Ia menjelaskan, seluruh pemeriksaan kinerja tematik tersebut memiliki tujuan yang sama, yakni memperkuat sistem perencanaan, pengendalian, dan pengawasan dalam penyelenggaraan pemerintahan daerah.
Sebagai tindak lanjut, Pemprov Kalsel akan memfokuskan perbaikan ke depan pada tiga langkah utama. Pertama, memperkuat basis data dan integrasi informasi sebagai dasar perumusan kebijakan dan pengambilan keputusan. Kedua, meningkatkan kepatuhan serta pengawasan dan pengendalian pelaksanaan program di lapangan. Ketiga, mempercepat tindak lanjut rekomendasi hasil pemeriksaan agar menghasilkan perbaikan sistem yang nyata dan berkelanjutan.
“Keseriusan pemerintah daerah dalam menindaklanjuti rekomendasi BPK merupakan salah satu indikator penting akuntabilitas penyelenggaraan pemerintahan,” tegasnya.

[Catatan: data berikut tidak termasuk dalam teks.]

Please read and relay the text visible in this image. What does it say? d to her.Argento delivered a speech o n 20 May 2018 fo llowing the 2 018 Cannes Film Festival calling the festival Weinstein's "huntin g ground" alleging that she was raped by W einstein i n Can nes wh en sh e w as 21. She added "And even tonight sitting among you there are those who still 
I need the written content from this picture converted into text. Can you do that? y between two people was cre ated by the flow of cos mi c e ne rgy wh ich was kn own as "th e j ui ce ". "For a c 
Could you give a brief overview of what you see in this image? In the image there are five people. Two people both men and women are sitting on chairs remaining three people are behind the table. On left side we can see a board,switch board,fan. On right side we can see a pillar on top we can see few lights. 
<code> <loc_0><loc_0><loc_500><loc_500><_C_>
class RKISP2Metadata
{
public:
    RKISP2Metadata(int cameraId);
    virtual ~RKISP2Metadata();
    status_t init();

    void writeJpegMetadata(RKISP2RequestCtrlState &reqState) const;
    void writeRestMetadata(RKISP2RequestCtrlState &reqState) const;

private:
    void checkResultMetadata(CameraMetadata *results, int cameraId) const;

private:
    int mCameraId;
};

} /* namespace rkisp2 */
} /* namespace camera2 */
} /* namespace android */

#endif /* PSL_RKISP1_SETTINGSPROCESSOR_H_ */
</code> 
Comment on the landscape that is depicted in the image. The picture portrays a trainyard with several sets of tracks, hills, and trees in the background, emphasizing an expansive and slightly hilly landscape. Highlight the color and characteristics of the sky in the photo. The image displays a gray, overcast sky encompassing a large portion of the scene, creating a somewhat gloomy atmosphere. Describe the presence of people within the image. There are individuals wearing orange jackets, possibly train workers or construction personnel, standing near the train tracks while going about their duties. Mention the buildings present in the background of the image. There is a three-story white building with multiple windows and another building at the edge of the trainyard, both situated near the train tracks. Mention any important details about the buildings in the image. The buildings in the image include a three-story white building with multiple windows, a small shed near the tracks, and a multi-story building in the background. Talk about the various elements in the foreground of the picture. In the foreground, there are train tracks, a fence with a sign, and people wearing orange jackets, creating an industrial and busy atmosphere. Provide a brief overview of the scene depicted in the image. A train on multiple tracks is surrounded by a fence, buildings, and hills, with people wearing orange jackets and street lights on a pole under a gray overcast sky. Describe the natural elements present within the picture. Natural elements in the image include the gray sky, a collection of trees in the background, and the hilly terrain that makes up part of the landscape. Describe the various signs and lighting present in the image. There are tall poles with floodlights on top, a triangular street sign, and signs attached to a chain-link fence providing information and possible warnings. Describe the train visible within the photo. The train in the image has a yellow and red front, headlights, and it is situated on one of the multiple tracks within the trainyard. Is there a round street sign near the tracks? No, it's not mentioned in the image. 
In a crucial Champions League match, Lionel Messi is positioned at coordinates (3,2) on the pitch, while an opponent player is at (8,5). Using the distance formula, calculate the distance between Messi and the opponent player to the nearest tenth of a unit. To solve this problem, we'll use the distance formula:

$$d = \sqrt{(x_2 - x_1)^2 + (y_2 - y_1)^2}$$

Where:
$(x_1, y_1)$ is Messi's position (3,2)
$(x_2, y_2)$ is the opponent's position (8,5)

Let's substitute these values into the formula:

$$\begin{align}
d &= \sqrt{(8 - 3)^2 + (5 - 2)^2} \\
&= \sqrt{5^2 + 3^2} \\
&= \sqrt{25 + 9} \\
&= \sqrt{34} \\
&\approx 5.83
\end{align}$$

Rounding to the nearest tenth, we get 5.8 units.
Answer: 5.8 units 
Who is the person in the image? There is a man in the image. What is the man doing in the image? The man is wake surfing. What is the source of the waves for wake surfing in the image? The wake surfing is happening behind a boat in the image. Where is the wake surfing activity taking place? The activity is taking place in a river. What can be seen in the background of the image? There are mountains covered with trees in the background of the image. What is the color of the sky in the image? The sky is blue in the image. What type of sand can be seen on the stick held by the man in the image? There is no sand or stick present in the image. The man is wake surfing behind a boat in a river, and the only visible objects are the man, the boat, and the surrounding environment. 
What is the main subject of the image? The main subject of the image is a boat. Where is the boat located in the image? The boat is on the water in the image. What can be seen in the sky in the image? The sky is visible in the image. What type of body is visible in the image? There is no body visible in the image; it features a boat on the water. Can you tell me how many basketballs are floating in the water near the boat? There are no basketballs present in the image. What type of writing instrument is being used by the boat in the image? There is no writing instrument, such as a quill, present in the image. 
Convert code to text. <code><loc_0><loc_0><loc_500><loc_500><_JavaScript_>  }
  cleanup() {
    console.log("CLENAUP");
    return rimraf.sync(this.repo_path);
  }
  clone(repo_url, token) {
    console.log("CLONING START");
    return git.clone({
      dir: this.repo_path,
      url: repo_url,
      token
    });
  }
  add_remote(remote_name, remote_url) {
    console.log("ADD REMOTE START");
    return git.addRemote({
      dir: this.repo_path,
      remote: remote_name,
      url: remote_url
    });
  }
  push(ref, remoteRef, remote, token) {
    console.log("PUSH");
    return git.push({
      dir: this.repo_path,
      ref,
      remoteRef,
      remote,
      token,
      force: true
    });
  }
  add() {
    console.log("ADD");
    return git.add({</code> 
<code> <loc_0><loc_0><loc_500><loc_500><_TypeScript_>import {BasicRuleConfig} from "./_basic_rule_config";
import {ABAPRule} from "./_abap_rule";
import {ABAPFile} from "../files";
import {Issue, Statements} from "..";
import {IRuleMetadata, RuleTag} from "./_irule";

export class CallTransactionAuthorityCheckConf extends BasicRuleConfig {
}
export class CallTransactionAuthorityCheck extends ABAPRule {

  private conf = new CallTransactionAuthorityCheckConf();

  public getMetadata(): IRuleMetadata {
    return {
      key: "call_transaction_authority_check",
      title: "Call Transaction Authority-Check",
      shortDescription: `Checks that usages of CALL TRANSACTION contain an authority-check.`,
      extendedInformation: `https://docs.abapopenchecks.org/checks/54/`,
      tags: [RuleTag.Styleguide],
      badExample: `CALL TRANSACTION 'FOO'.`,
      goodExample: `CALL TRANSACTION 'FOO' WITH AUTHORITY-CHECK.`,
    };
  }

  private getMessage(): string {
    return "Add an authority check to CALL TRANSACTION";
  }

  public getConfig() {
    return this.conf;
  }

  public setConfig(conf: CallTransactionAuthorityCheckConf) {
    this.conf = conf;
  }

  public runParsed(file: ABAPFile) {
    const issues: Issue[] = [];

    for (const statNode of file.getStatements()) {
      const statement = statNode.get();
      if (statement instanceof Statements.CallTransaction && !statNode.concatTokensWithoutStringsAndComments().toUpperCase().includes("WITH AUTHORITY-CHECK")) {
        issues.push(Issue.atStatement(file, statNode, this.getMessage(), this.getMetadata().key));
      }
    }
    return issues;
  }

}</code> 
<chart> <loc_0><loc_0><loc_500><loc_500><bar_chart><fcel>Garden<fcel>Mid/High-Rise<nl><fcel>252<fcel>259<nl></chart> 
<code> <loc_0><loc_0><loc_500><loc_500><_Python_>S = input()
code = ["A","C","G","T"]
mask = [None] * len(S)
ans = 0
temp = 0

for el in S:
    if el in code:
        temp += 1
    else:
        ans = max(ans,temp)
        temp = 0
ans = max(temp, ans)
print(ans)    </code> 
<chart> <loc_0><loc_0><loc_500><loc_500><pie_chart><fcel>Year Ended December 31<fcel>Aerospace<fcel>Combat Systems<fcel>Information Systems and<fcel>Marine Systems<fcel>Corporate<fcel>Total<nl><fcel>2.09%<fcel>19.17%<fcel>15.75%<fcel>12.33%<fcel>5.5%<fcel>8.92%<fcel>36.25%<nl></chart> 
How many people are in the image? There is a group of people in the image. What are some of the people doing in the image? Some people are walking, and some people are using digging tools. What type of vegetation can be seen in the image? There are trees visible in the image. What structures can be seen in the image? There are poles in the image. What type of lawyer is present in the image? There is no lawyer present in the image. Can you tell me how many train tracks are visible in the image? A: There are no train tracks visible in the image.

Berdasarkan data tindak lanjut, terdapat 451 rekomendasi hasil pemeriksaan yang masih terbuka untuk periode 2005 hingga 2025. Hingga 3 Desember 2025, sebanyak 276 rekomendasi telah diinput ke dalam Sistem Informasi Pemantauan Tindak Lanjut (SIPTL) BPK RI. Dari jumlah tersebut, 118 rekomendasi telah dinyatakan selesai, sementara 158 lainnya masih dalam proses penyelesaian.
Gubernur H. Muhidin menegaskan bahwa kondisi ini menjadi pengingat bagi seluruh jajaran pemerintah daerah untuk mempercepat dan menertibkan tindak lanjut rekomendasi, khususnya melalui penguatan peran Inspektorat sebagai koordinator pengendalian internal.
Ia juga menekankan pentingnya peningkatan disiplin seluruh perangkat daerah dalam melengkapi eviden tindak lanjut secara tepat waktu dan sesuai ketentuan.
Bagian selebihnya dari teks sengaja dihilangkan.